▸ **Work instructions**: Search the records below for the string "enderecoeducador" and report only the number of lines that contain it.

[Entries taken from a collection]
━━━━━━━━
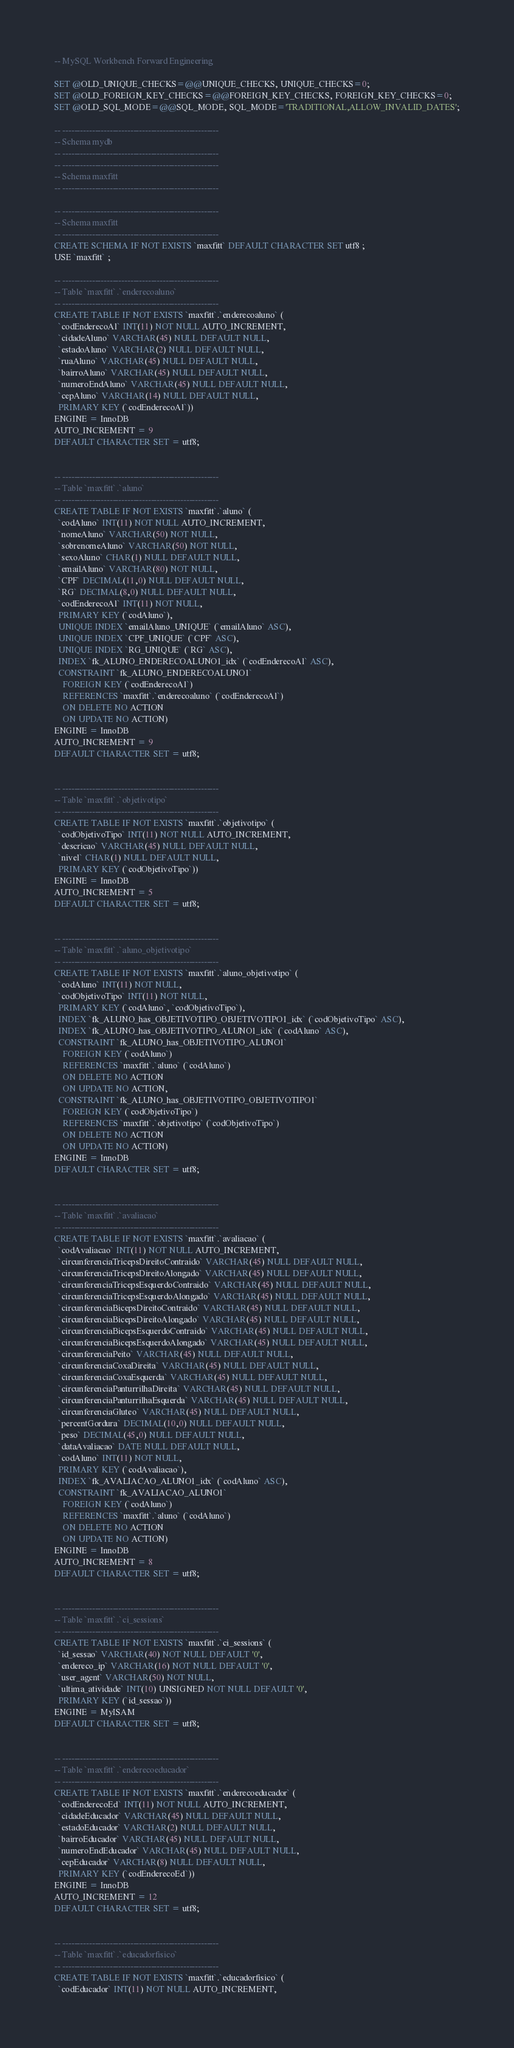<code> <loc_0><loc_0><loc_500><loc_500><_SQL_>-- MySQL Workbench Forward Engineering

SET @OLD_UNIQUE_CHECKS=@@UNIQUE_CHECKS, UNIQUE_CHECKS=0;
SET @OLD_FOREIGN_KEY_CHECKS=@@FOREIGN_KEY_CHECKS, FOREIGN_KEY_CHECKS=0;
SET @OLD_SQL_MODE=@@SQL_MODE, SQL_MODE='TRADITIONAL,ALLOW_INVALID_DATES';

-- -----------------------------------------------------
-- Schema mydb
-- -----------------------------------------------------
-- -----------------------------------------------------
-- Schema maxfitt
-- -----------------------------------------------------

-- -----------------------------------------------------
-- Schema maxfitt
-- -----------------------------------------------------
CREATE SCHEMA IF NOT EXISTS `maxfitt` DEFAULT CHARACTER SET utf8 ;
USE `maxfitt` ;

-- -----------------------------------------------------
-- Table `maxfitt`.`enderecoaluno`
-- -----------------------------------------------------
CREATE TABLE IF NOT EXISTS `maxfitt`.`enderecoaluno` (
  `codEnderecoAl` INT(11) NOT NULL AUTO_INCREMENT,
  `cidadeAluno` VARCHAR(45) NULL DEFAULT NULL,
  `estadoAluno` VARCHAR(2) NULL DEFAULT NULL,
  `ruaAluno` VARCHAR(45) NULL DEFAULT NULL,
  `bairroAluno` VARCHAR(45) NULL DEFAULT NULL,
  `numeroEndAluno` VARCHAR(45) NULL DEFAULT NULL,
  `cepAluno` VARCHAR(14) NULL DEFAULT NULL,
  PRIMARY KEY (`codEnderecoAl`))
ENGINE = InnoDB
AUTO_INCREMENT = 9
DEFAULT CHARACTER SET = utf8;


-- -----------------------------------------------------
-- Table `maxfitt`.`aluno`
-- -----------------------------------------------------
CREATE TABLE IF NOT EXISTS `maxfitt`.`aluno` (
  `codAluno` INT(11) NOT NULL AUTO_INCREMENT,
  `nomeAluno` VARCHAR(50) NOT NULL,
  `sobrenomeAluno` VARCHAR(50) NOT NULL,
  `sexoAluno` CHAR(1) NULL DEFAULT NULL,
  `emailAluno` VARCHAR(80) NOT NULL,
  `CPF` DECIMAL(11,0) NULL DEFAULT NULL,
  `RG` DECIMAL(8,0) NULL DEFAULT NULL,
  `codEnderecoAl` INT(11) NOT NULL,
  PRIMARY KEY (`codAluno`),
  UNIQUE INDEX `emailAluno_UNIQUE` (`emailAluno` ASC),
  UNIQUE INDEX `CPF_UNIQUE` (`CPF` ASC),
  UNIQUE INDEX `RG_UNIQUE` (`RG` ASC),
  INDEX `fk_ALUNO_ENDERECOALUNO1_idx` (`codEnderecoAl` ASC),
  CONSTRAINT `fk_ALUNO_ENDERECOALUNO1`
    FOREIGN KEY (`codEnderecoAl`)
    REFERENCES `maxfitt`.`enderecoaluno` (`codEnderecoAl`)
    ON DELETE NO ACTION
    ON UPDATE NO ACTION)
ENGINE = InnoDB
AUTO_INCREMENT = 9
DEFAULT CHARACTER SET = utf8;


-- -----------------------------------------------------
-- Table `maxfitt`.`objetivotipo`
-- -----------------------------------------------------
CREATE TABLE IF NOT EXISTS `maxfitt`.`objetivotipo` (
  `codObjetivoTipo` INT(11) NOT NULL AUTO_INCREMENT,
  `descricao` VARCHAR(45) NULL DEFAULT NULL,
  `nivel` CHAR(1) NULL DEFAULT NULL,
  PRIMARY KEY (`codObjetivoTipo`))
ENGINE = InnoDB
AUTO_INCREMENT = 5
DEFAULT CHARACTER SET = utf8;


-- -----------------------------------------------------
-- Table `maxfitt`.`aluno_objetivotipo`
-- -----------------------------------------------------
CREATE TABLE IF NOT EXISTS `maxfitt`.`aluno_objetivotipo` (
  `codAluno` INT(11) NOT NULL,
  `codObjetivoTipo` INT(11) NOT NULL,
  PRIMARY KEY (`codAluno`, `codObjetivoTipo`),
  INDEX `fk_ALUNO_has_OBJETIVOTIPO_OBJETIVOTIPO1_idx` (`codObjetivoTipo` ASC),
  INDEX `fk_ALUNO_has_OBJETIVOTIPO_ALUNO1_idx` (`codAluno` ASC),
  CONSTRAINT `fk_ALUNO_has_OBJETIVOTIPO_ALUNO1`
    FOREIGN KEY (`codAluno`)
    REFERENCES `maxfitt`.`aluno` (`codAluno`)
    ON DELETE NO ACTION
    ON UPDATE NO ACTION,
  CONSTRAINT `fk_ALUNO_has_OBJETIVOTIPO_OBJETIVOTIPO1`
    FOREIGN KEY (`codObjetivoTipo`)
    REFERENCES `maxfitt`.`objetivotipo` (`codObjetivoTipo`)
    ON DELETE NO ACTION
    ON UPDATE NO ACTION)
ENGINE = InnoDB
DEFAULT CHARACTER SET = utf8;


-- -----------------------------------------------------
-- Table `maxfitt`.`avaliacao`
-- -----------------------------------------------------
CREATE TABLE IF NOT EXISTS `maxfitt`.`avaliacao` (
  `codAvaliacao` INT(11) NOT NULL AUTO_INCREMENT,
  `circunferenciaTricepsDireitoContraido` VARCHAR(45) NULL DEFAULT NULL,
  `circunferenciaTricepsDireitoAlongado` VARCHAR(45) NULL DEFAULT NULL,
  `circunferenciaTricepsEsquerdoContraido` VARCHAR(45) NULL DEFAULT NULL,
  `circunferenciaTricepsEsquerdoAlongado` VARCHAR(45) NULL DEFAULT NULL,
  `circunferenciaBicepsDireitoContraido` VARCHAR(45) NULL DEFAULT NULL,
  `circunferenciaBicepsDireitoAlongado` VARCHAR(45) NULL DEFAULT NULL,
  `circunferenciaBicepsEsquerdoContraido` VARCHAR(45) NULL DEFAULT NULL,
  `circunferenciaBicepsEsquerdoAlongado` VARCHAR(45) NULL DEFAULT NULL,
  `circunferenciaPeito` VARCHAR(45) NULL DEFAULT NULL,
  `circunferenciaCoxaDireita` VARCHAR(45) NULL DEFAULT NULL,
  `circunferenciaCoxaEsquerda` VARCHAR(45) NULL DEFAULT NULL,
  `circunferenciaPanturrilhaDireita` VARCHAR(45) NULL DEFAULT NULL,
  `circunferenciaPanturrilhaEsquerda` VARCHAR(45) NULL DEFAULT NULL,
  `circunferenciaGluteo` VARCHAR(45) NULL DEFAULT NULL,
  `percentGordura` DECIMAL(10,0) NULL DEFAULT NULL,
  `peso` DECIMAL(45,0) NULL DEFAULT NULL,
  `dataAvaliacao` DATE NULL DEFAULT NULL,
  `codAluno` INT(11) NOT NULL,
  PRIMARY KEY (`codAvaliacao`),
  INDEX `fk_AVALIACAO_ALUNO1_idx` (`codAluno` ASC),
  CONSTRAINT `fk_AVALIACAO_ALUNO1`
    FOREIGN KEY (`codAluno`)
    REFERENCES `maxfitt`.`aluno` (`codAluno`)
    ON DELETE NO ACTION
    ON UPDATE NO ACTION)
ENGINE = InnoDB
AUTO_INCREMENT = 8
DEFAULT CHARACTER SET = utf8;


-- -----------------------------------------------------
-- Table `maxfitt`.`ci_sessions`
-- -----------------------------------------------------
CREATE TABLE IF NOT EXISTS `maxfitt`.`ci_sessions` (
  `id_sessao` VARCHAR(40) NOT NULL DEFAULT '0',
  `endereco_ip` VARCHAR(16) NOT NULL DEFAULT '0',
  `user_agent` VARCHAR(50) NOT NULL,
  `ultima_atividade` INT(10) UNSIGNED NOT NULL DEFAULT '0',
  PRIMARY KEY (`id_sessao`))
ENGINE = MyISAM
DEFAULT CHARACTER SET = utf8;


-- -----------------------------------------------------
-- Table `maxfitt`.`enderecoeducador`
-- -----------------------------------------------------
CREATE TABLE IF NOT EXISTS `maxfitt`.`enderecoeducador` (
  `codEnderecoEd` INT(11) NOT NULL AUTO_INCREMENT,
  `cidadeEducador` VARCHAR(45) NULL DEFAULT NULL,
  `estadoEducador` VARCHAR(2) NULL DEFAULT NULL,
  `bairroEducador` VARCHAR(45) NULL DEFAULT NULL,
  `numeroEndEducador` VARCHAR(45) NULL DEFAULT NULL,
  `cepEducador` VARCHAR(8) NULL DEFAULT NULL,
  PRIMARY KEY (`codEnderecoEd`))
ENGINE = InnoDB
AUTO_INCREMENT = 12
DEFAULT CHARACTER SET = utf8;


-- -----------------------------------------------------
-- Table `maxfitt`.`educadorfisico`
-- -----------------------------------------------------
CREATE TABLE IF NOT EXISTS `maxfitt`.`educadorfisico` (
  `codEducador` INT(11) NOT NULL AUTO_INCREMENT,</code>
━━━━━━━━
▸ **Answer for the task**: 2